Personal guarantors find fewer escape routes under corporate insolvency

The noose is tightening around personal guarantors under India’s bankruptcy regime.

Recent tribunal rulings and new disclosure requirements signal that promoters and directors who back corporate loans with their personal guarantees may find it difficult to avoid liability when a company defaults.

On 18 June, the Kolkata bench of the National Company Law Tribunal, while admitting Indian Bank’s insolvency plea against Santosh Jhawar, personal guarantor to Burgundy Life Style Pvt Ltd, held that insolvency proceedings against a personal guarantor are maintainable even if no such proceedings have been initiated against the principal borrower.

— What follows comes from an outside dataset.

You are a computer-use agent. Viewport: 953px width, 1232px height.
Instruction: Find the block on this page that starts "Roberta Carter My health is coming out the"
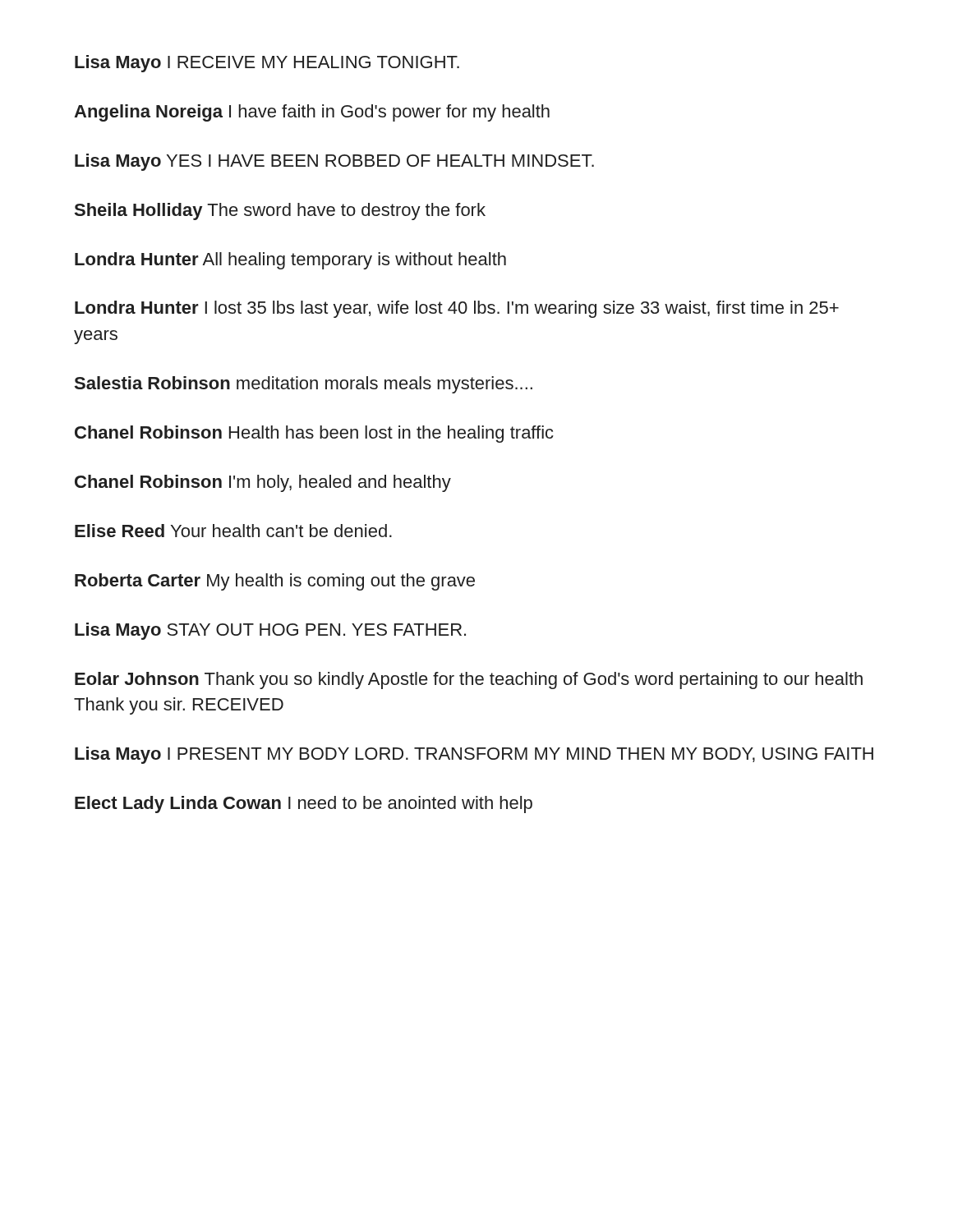(275, 580)

On 9 June, the Chennai bench of the NCLT, while hearing Aditya Birla Finance’s insolvency plea against G. Thiyagarajan, personal guarantor to Velohar Infra Pvt Ltd, ruled that a settlement during the liquidation of a corporate debtor does not automatically discharge a guarantor’s liability.

“The key message is simple: a personal guarantee is not discharged merely because the corporate debtor is in insolvency, has undergone a resolution process or has reached a settlement,” said Anoop Rawat, partner and national practice head (restructuring and insolvency) at Shardul Amarchand Mangaldas & Co.

Guarantors cannot assume that if a company’s debt is settled, reduced or restructured, their own exposure disappears, Rawat said.



“Unless the lender expressly releases the guarantor, the guarantor may still face separate proceedings for the unpaid balance,” he said.

Personal guarantors, typically promoters or directors who back corporate loans, have been covered under a dedicated insolvency framework since December 2019.

Since then, creditors have filed 4,203 applications against personal guarantors, with 664 cases admitted, according to the Insolvency and Bankruptcy Board of India’s annual report for 2024-25. Only 39 resulted in approved repayment plans, yielding recoveries of 129.4 crore, or 2.49% of the admitted claims.

Lawyers said the figures highlight the growing importance of personal guarantees as a recovery tool for lenders.

Maximizing recoveries

“Personal guarantors have increasingly become a focal point of the insolvency framework because creditors are seeking to maximize recoveries beyond the assets of the corporate debtor,” said Yogendra Aldak, executive partner at Lakshmikumaran & Sridharan Attorneys.

According to Aldak, lenders have become more conscious of recovery risks following several high-profile insolvency cases where recoveries from corporate assets alone proved inadequate. As a result, personal guarantees are being viewed as an important source of recovery, particularly in promoter-driven businesses.

“In many cases, when recoveries from the corporate debtor prove insufficient, guarantors are pursued for the balance outstanding,” said Abhishek Sharma, a partner at Dentons Link Legal. “This transforms a personal guarantee from a mere formality into an enforceable recovery tool.”

The trend has been accompanied by regulatory changes aimed at increasing transparency of the financials of personal guarantors. The IBBI amended the insolvency resolution and frameworks governing personal guarantors to corporate debtors from 1 June 2026. The changes require wider disclosures of assets and liabilities and mechanisms to be established to facilitate asset transfers in connected insolvency proceedings.

The new rules seek to increase transparency in personal guarantor insolvency cases by requiring disclosure of all major assets, including bank accounts, property, investments, business interests, cryptocurrencies, insurance claims and other valuable holdings.

Serious commitments

advise promoters and business owners to consider personal guarantees as serious legal commitments rather than routine financing formalities.

“Business owners should treat a personal guarantee as seriously as taking the loan in their own name,” said Rawat of Shardul Amarchand Mangaldas. “Before signing, they should understand the amount covered, whether the guarantee is continuing, whether it covers future facilities, interest, costs and penalties, and the circumstances in which a lender can invoke it.”

Sharma of Dentons Link added that promoters should assess the wider implications of insolvency across their business groups.

“In many promoter-led businesses, personal guarantees sit alongside inter-company loans, support arrangements and asset transfers. A guarantee should never be considered in isolation from the rest of the group’s transaction footprint,” he said.

Dikshat Mehra, a partner at Rajani Associates, said creditors will get a free pass to hold personal guarantors liable due to the absence of any provision under the Insolvency and Bankruptcy Code that automatically releases a personal guarantor upon a settlement.

Queries sent to creditors including State Bank of India, Punjab National Bank, Axis Bank, ICICI Bank, Indian Bank, Aditya Birla Finance and asset reconstruction companies Edelweiss Asset Reconstruction Co. and JC Flowers ARC as well as the IBBI remained unanswered till press time.